### Work task
Collect every line in the records below that contains the word "font".

(Stored items from a collection)
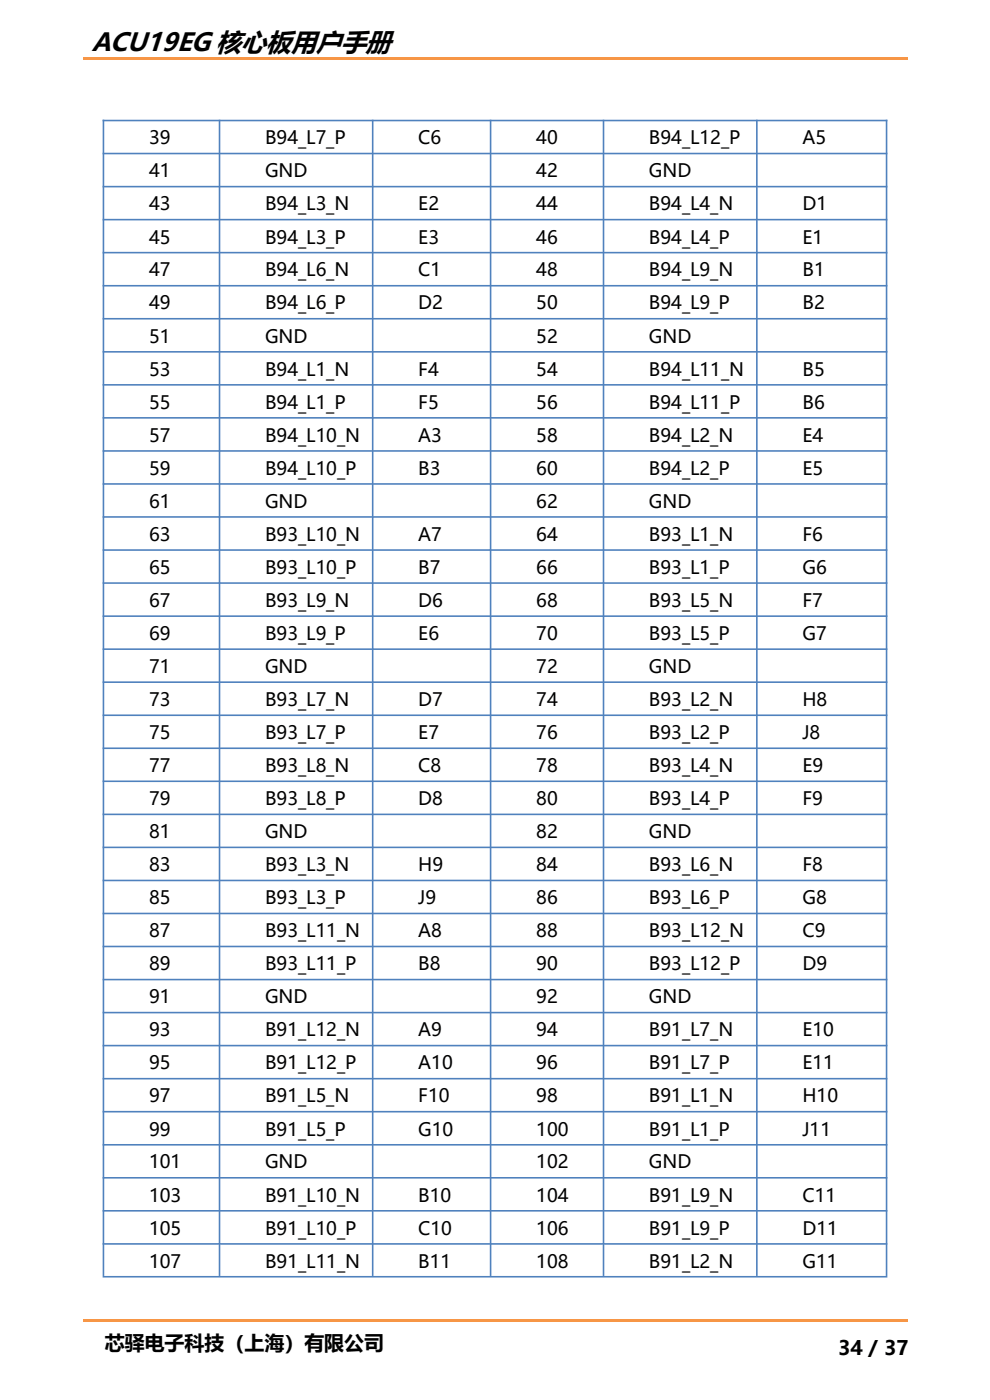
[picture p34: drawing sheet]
<svg xmlns="http://www.w3.org/2000/svg" width="210mm" height="297mm" viewBox="0 0 210 297" stroke-linecap="round" stroke-linejoin="round" font-family="sans-serif">
<defs><g id="words">
<text font-size="5.6" x="19.4" y="10.8">ACU19EG 核心板用户手册</text>
<g font-size="4.2">
<text x="22.2" y="286.4">芯驿电子科技（上海）有限公司</text>
<text x="177.8" y="287.5">34 / 37</text>
</g>
<g font-size="3.9">
<text x="31.6" y="30.6">39</text>
<text x="56.2" y="30.6">B94_L7_P</text>
<text x="88.7" y="30.6">C6</text>
<text x="113.7" y="30.6">40</text>
<text x="137.7" y="30.6">B94_L12_P</text>
<text x="170.2" y="30.6">A5</text>
<text x="31.6" y="37.6">41</text>
<text x="56.2" y="37.6">GND</text>
<text x="113.7" y="37.6">42</text>
<text x="137.7" y="37.6">GND</text>
<text x="31.6" y="44.6">43</text>
<text x="56.2" y="44.6">B94_L3_N</text>
<text x="88.7" y="44.6">E2</text>
<text x="113.7" y="44.6">44</text>
<text x="137.7" y="44.6">B94_L4_N</text>
<text x="170.2" y="44.6">D1</text>
<text x="31.6" y="51.7">45</text>
<text x="56.2" y="51.7">B94_L3_P</text>
<text x="88.7" y="51.7">E3</text>
<text x="113.7" y="51.7">46</text>
<text x="137.7" y="51.7">B94_L4_P</text>
<text x="170.2" y="51.7">E1</text>
<text x="31.6" y="58.6">47</text>
<text x="56.2" y="58.6">B94_L6_N</text>
<text x="88.7" y="58.6">C1</text>
<text x="113.7" y="58.6">48</text>
<text x="137.7" y="58.6">B94_L9_N</text>
<text x="170.2" y="58.6">B1</text>
<text x="31.6" y="65.6">49</text>
<text x="56.2" y="65.6">B94_L6_P</text>
<text x="88.7" y="65.6">D2</text>
<text x="113.7" y="65.6">50</text>
<text x="137.7" y="65.6">B94_L9_P</text>
<text x="170.2" y="65.6">B2</text>
<text x="31.6" y="72.7">51</text>
<text x="56.2" y="72.7">GND</text>
<text x="113.7" y="72.7">52</text>
<text x="137.7" y="72.7">GND</text>
<text x="31.6" y="79.7">53</text>
<text x="56.2" y="79.7">B94_L1_N</text>
<text x="88.7" y="79.7">F4</text>
<text x="113.7" y="79.7">54</text>
<text x="137.7" y="79.7">B94_L11_N</text>
<text x="170.2" y="79.7">B5</text>
<text x="31.6" y="86.7">55</text>
<text x="56.2" y="86.7">B94_L1_P</text>
<text x="88.7" y="86.7">F5</text>
<text x="113.7" y="86.7">56</text>
<text x="137.7" y="86.7">B94_L11_P</text>
<text x="170.2" y="86.7">B6</text>
<text x="31.6" y="93.7">57</text>
<text x="56.2" y="93.7">B94_L10_N</text>
<text x="88.7" y="93.7">A3</text>
<text x="113.7" y="93.7">58</text>
<text x="137.7" y="93.7">B94_L2_N</text>
<text x="170.2" y="93.7">E4</text>
<text x="31.6" y="100.7">59</text>
<text x="56.2" y="100.7">B94_L10_P</text>
<text x="88.7" y="100.7">B3</text>
<text x="113.7" y="100.7">60</text>
<text x="137.7" y="100.7">B94_L2_P</text>
<text x="170.2" y="100.7">E5</text>
<text x="31.6" y="107.7">61</text>
<text x="56.2" y="107.7">GND</text>
<text x="113.7" y="107.7">62</text>
<text x="137.7" y="107.7">GND</text>
<text x="31.6" y="114.7">63</text>
<text x="56.2" y="114.7">B93_L10_N</text>
<text x="88.7" y="114.7">A7</text>
<text x="113.7" y="114.7">64</text>
<text x="137.7" y="114.7">B93_L1_N</text>
<text x="170.2" y="114.7">F6</text>
<text x="31.6" y="121.7">65</text>
<text x="56.2" y="121.7">B93_L10_P</text>
<text x="88.7" y="121.7">B7</text>
<text x="113.7" y="121.7">66</text>
<text x="137.7" y="121.7">B93_L1_P</text>
<text x="170.2" y="121.7">G6</text>
<text x="31.6" y="128.8">67</text>
<text x="56.2" y="128.8">B93_L9_N</text>
<text x="88.7" y="128.8">D6</text>
<text x="113.7" y="128.8">68</text>
<text x="137.7" y="128.8">B93_L5_N</text>
<text x="170.2" y="128.8">F7</text>
<text x="31.6" y="135.7">69</text>
<text x="56.2" y="135.7">B93_L9_P</text>
<text x="88.7" y="135.7">E6</text>
<text x="113.7" y="135.7">70</text>
<text x="137.7" y="135.7">B93_L5_P</text>
<text x="170.2" y="135.7">G7</text>
<text x="31.6" y="142.8">71</text>
<text x="56.2" y="142.8">GND</text>
<text x="113.7" y="142.8">72</text>
<text x="137.7" y="142.8">GND</text>
<text x="31.6" y="149.8">73</text>
<text x="56.2" y="149.8">B93_L7_N</text>
<text x="88.7" y="149.8">D7</text>
<text x="113.7" y="149.8">74</text>
<text x="137.7" y="149.8">B93_L2_N</text>
<text x="170.2" y="149.8">H8</text>
<text x="31.6" y="156.8">75</text>
<text x="56.2" y="156.8">B93_L7_P</text>
<text x="88.7" y="156.8">E7</text>
<text x="113.7" y="156.8">76</text>
<text x="137.7" y="156.8">B93_L2_P</text>
<text x="170.2" y="156.8">J8</text>
<text x="31.6" y="163.8">77</text>
<text x="56.2" y="163.8">B93_L8_N</text>
<text x="88.7" y="163.8">C8</text>
<text x="113.7" y="163.8">78</text>
<text x="137.7" y="163.8">B93_L4_N</text>
<text x="170.2" y="163.8">E9</text>
<text x="31.6" y="170.8">79</text>
<text x="56.2" y="170.8">B93_L8_P</text>
<text x="88.7" y="170.8">D8</text>
<text x="113.7" y="170.8">80</text>
<text x="137.7" y="170.8">B93_L4_P</text>
<text x="170.2" y="170.8">F9</text>
<text x="31.6" y="177.8">81</text>
<text x="56.2" y="177.8">GND</text>
<text x="113.7" y="177.8">82</text>
<text x="137.7" y="177.8">GND</text>
<text x="31.6" y="184.8">83</text>
<text x="56.2" y="184.8">B93_L3_N</text>
<text x="88.7" y="184.8">H9</text>
<text x="113.7" y="184.8">84</text>
<text x="137.7" y="184.8">B93_L6_N</text>
<text x="170.2" y="184.8">F8</text>
<text x="31.6" y="191.8">85</text>
<text x="56.2" y="191.8">B93_L3_P</text>
<text x="88.7" y="191.8">J9</text>
<text x="113.7" y="191.8">86</text>
<text x="137.7" y="191.8">B93_L6_P</text>
<text x="170.2" y="191.8">G8</text>
<text x="31.6" y="198.8">87</text>
<text x="56.2" y="198.8">B93_L11_N</text>
<text x="88.7" y="198.8">A8</text>
<text x="113.7" y="198.8">88</text>
<text x="137.7" y="198.8">B93_L12_N</text>
<text x="170.2" y="198.8">C9</text>
<text x="31.6" y="205.8">89</text>
<text x="56.2" y="205.8">B93_L11_P</text>
<text x="88.7" y="205.8">B8</text>
<text x="113.7" y="205.8">90</text>
<text x="137.7" y="205.8">B93_L12_P</text>
<text x="170.2" y="205.8">D9</text>
<text x="31.6" y="212.8">91</text>
<text x="56.2" y="212.8">GND</text>
<text x="113.7" y="212.8">92</text>
<text x="137.7" y="212.8">GND</text>
<text x="31.6" y="219.9">93</text>
<text x="56.2" y="219.9">B91_L12_N</text>
<text x="88.7" y="219.9">A9</text>
<text x="113.7" y="219.9">94</text>
<text x="137.7" y="219.9">B91_L7_N</text>
<text x="170.2" y="219.9">E10</text>
<text x="31.6" y="226.9">95</text>
<text x="56.2" y="226.9">B91_L12_P</text>
<text x="88.7" y="226.9">A10</text>
<text x="113.7" y="226.9">96</text>
<text x="137.7" y="226.9">B91_L7_P</text>
<text x="170.2" y="226.9">E11</text>
<text x="31.6" y="233.9">97</text>
<text x="56.2" y="233.9">B91_L5_N</text>
<text x="88.7" y="233.9">F10</text>
<text x="113.7" y="233.9">98</text>
<text x="137.7" y="233.9">B91_L1_N</text>
<text x="170.2" y="233.9">H10</text>
<text x="31.6" y="240.9">99</text>
<text x="56.2" y="240.9">B91_L5_P</text>
<text x="88.7" y="240.9">G10</text>
<text x="113.7" y="240.9">100</text>
<text x="137.7" y="240.9">B91_L1_P</text>
<text x="170.2" y="240.9">J11</text>
<text x="31.6" y="247.9">101</text>
<text x="56.2" y="247.9">GND</text>
<text x="113.7" y="247.9">102</text>
<text x="137.7" y="247.9">GND</text>
<text x="31.6" y="254.9">103</text>
<text x="56.2" y="254.9">B91_L10_N</text>
<text x="88.7" y="254.9">B10</text>
<text x="113.7" y="254.9">104</text>
<text x="137.7" y="254.9">B91_L9_N</text>
<text x="170.2" y="254.9">C11</text>
<text x="31.6" y="261.9">105</text>
<text x="56.2" y="261.9">B91_L10_P</text>
<text x="88.7" y="261.9">C10</text>
<text x="113.7" y="261.9">106</text>
<text x="137.7" y="261.9">B91_L9_P</text>
<text x="170.2" y="261.9">D11</text>
<text x="31.6" y="268.9">107</text>
<text x="56.2" y="268.9">B91_L11_N</text>
<text x="88.7" y="268.9">B11</text>
<text x="113.7" y="268.9">108</text>
<text x="137.7" y="268.9">B91_L2_N</text>
<text x="170.2" y="268.9">G11</text>
</g>
</g></defs>
<path d="M17.7 12.1h175v.5h-175z" fill-rule="evenodd" fill="#f79646"/>
<g fill="#fff">
<path d="M173.1 280.9h22.2v8.2h-22.2z" fill-rule="evenodd"/>
<path d="M18.3 279.9h67.2v11.4h-67.2z" fill-rule="evenodd"/>
</g>
<path d="M17.7 279.9h175v.5h-175z" fill-rule="evenodd" fill="#f79646"/>
<g fill="none" stroke="#4f81bd" stroke-width=".34">
<path d="M21.8 25.6h166.4M21.8 32.6h166.4M21.8 39.6h166.4M21.9 25.4v245.3M46.6 25.4v245.3M79.1 25.4v245.3M104.1 25.4v245.3M128 25.4v245.3M160.5 25.4v245.3M188.1 25.4v245.3M21.8 46.6h166.4M21.8 53.6h166.4"/>
<path d="M21.8 60.6h166.4M21.8 67.6h166.4M21.8 74.6h166.4M21.8 81.6h166.4M21.8 88.6h166.4M21.8 95.7h166.4M21.8 102.7h166.4M21.8 109.7h166.4M21.8 116.7h166.4M21.8 123.7h166.4M21.8 130.7h166.4M21.8 137.7h166.4"/>
<path d="M21.8 144.7h166.4M21.8 151.7h166.4M21.8 158.7h166.4M21.8 165.7h166.4M21.8 172.8h166.4M21.8 179.8h166.4M21.8 186.8h166.4M21.8 193.8h166.4M21.8 200.8h166.4M21.8 207.8h166.4M21.8 214.8h166.4M21.8 221.8h166.4"/>
<path d="M21.8 228.8h166.4M21.8 235.8h166.4M21.8 242.9h166.4M21.8 249.9h166.4M21.8 256.9h166.4M21.8 263.9h166.4M21.8 270.9h166.4"/>
</g>
<use href="#words"/>
</svg>

### Result
<svg xmlns="http://www.w3.org/2000/svg" width="210mm" height="297mm" viewBox="0 0 210 297" stroke-linecap="round" stroke-linejoin="round" font-family="sans-serif">
<text font-size="5.6" x="19.4" y="10.8">ACU19EG 核心板用户手册</text>
<g font-size="4.2">
<g font-size="3.9">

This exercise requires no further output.